[Opening PROVIDED DATA section]

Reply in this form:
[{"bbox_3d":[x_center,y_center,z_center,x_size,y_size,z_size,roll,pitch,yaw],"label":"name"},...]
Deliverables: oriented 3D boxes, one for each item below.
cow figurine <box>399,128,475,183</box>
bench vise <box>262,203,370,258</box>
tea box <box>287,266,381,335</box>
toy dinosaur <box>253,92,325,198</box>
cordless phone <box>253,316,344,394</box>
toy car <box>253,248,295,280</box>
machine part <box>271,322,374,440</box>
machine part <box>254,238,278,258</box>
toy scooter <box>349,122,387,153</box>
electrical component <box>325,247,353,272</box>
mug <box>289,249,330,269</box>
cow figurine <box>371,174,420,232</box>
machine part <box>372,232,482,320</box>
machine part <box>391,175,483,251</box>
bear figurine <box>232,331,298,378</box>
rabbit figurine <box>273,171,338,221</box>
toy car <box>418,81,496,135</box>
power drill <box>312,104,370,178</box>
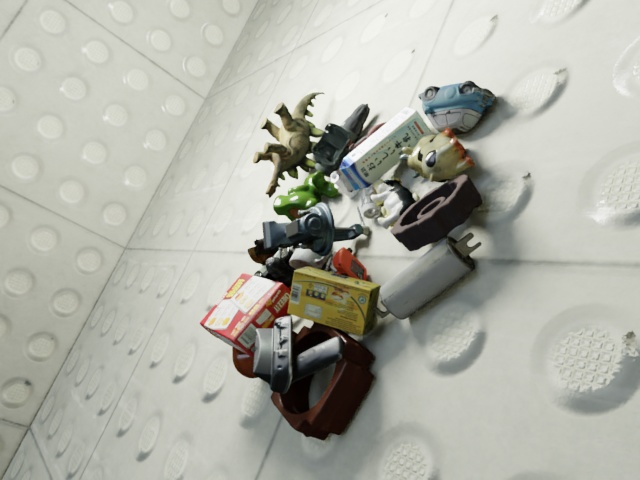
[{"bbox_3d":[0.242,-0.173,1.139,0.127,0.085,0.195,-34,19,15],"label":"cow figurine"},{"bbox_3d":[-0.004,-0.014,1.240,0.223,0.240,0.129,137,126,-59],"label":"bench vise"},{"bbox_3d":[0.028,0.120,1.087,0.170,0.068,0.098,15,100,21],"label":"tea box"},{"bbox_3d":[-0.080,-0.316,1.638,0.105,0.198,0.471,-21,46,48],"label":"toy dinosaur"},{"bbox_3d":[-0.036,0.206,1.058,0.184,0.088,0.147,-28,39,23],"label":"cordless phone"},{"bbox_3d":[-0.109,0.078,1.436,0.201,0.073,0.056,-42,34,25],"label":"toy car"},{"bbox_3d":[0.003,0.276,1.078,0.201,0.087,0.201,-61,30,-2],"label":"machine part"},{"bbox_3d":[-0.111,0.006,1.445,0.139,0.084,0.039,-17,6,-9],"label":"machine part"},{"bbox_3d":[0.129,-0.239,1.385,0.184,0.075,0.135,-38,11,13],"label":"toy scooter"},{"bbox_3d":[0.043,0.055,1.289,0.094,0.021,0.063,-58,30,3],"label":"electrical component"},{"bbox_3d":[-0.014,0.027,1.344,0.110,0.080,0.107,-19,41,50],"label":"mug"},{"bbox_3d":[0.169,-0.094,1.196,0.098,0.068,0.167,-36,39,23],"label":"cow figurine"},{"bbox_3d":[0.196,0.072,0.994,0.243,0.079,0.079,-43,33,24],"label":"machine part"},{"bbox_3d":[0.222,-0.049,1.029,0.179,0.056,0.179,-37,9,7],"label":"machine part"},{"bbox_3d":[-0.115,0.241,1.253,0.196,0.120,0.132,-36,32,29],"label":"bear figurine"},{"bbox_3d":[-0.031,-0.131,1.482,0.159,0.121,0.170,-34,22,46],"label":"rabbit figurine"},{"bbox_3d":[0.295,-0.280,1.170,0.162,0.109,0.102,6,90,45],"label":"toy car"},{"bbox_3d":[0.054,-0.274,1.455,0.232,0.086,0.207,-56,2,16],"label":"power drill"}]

[Closing PROVIDED DATA section]

Your reply must contain each entry exactly as written and no pictures.

> _RESPONSE BOX_:
Reply in this form:
[{"bbox_3d":[x_center,y_center,z_center,x_size,y_size,z_size,roll,pitch,yaw],"label":"name"},...]
Deliverables: oriented 3D boxes, one for each item below.
cow figurine <box>399,128,475,183</box>
bench vise <box>262,203,370,258</box>
tea box <box>287,266,381,335</box>
toy dinosaur <box>253,92,325,198</box>
cordless phone <box>253,316,344,394</box>
toy car <box>253,248,295,280</box>
machine part <box>271,322,374,440</box>
machine part <box>254,238,278,258</box>
toy scooter <box>349,122,387,153</box>
electrical component <box>325,247,353,272</box>
mug <box>289,249,330,269</box>
cow figurine <box>371,174,420,232</box>
machine part <box>372,232,482,320</box>
machine part <box>391,175,483,251</box>
bear figurine <box>232,331,298,378</box>
rabbit figurine <box>273,171,338,221</box>
toy car <box>418,81,496,135</box>
power drill <box>312,104,370,178</box>
[{"bbox_3d":[0.242,-0.173,1.139,0.127,0.085,0.195,-34,19,15],"label":"cow figurine"},{"bbox_3d":[-0.004,-0.014,1.240,0.223,0.240,0.129,137,126,-59],"label":"bench vise"},{"bbox_3d":[0.028,0.120,1.087,0.170,0.068,0.098,15,100,21],"label":"tea box"},{"bbox_3d":[-0.080,-0.316,1.638,0.105,0.198,0.471,-21,46,48],"label":"toy dinosaur"},{"bbox_3d":[-0.036,0.206,1.058,0.184,0.088,0.147,-28,39,23],"label":"cordless phone"},{"bbox_3d":[-0.109,0.078,1.436,0.201,0.073,0.056,-42,34,25],"label":"toy car"},{"bbox_3d":[0.003,0.276,1.078,0.201,0.087,0.201,-61,30,-2],"label":"machine part"},{"bbox_3d":[-0.111,0.006,1.445,0.139,0.084,0.039,-17,6,-9],"label":"machine part"},{"bbox_3d":[0.129,-0.239,1.385,0.184,0.075,0.135,-38,11,13],"label":"toy scooter"},{"bbox_3d":[0.043,0.055,1.289,0.094,0.021,0.063,-58,30,3],"label":"electrical component"},{"bbox_3d":[-0.014,0.027,1.344,0.110,0.080,0.107,-19,41,50],"label":"mug"},{"bbox_3d":[0.169,-0.094,1.196,0.098,0.068,0.167,-36,39,23],"label":"cow figurine"},{"bbox_3d":[0.196,0.072,0.994,0.243,0.079,0.079,-43,33,24],"label":"machine part"},{"bbox_3d":[0.222,-0.049,1.029,0.179,0.056,0.179,-37,9,7],"label":"machine part"},{"bbox_3d":[-0.115,0.241,1.253,0.196,0.120,0.132,-36,32,29],"label":"bear figurine"},{"bbox_3d":[-0.031,-0.131,1.482,0.159,0.121,0.170,-34,22,46],"label":"rabbit figurine"},{"bbox_3d":[0.295,-0.280,1.170,0.162,0.109,0.102,6,90,45],"label":"toy car"},{"bbox_3d":[0.054,-0.274,1.455,0.232,0.086,0.207,-56,2,16],"label":"power drill"}]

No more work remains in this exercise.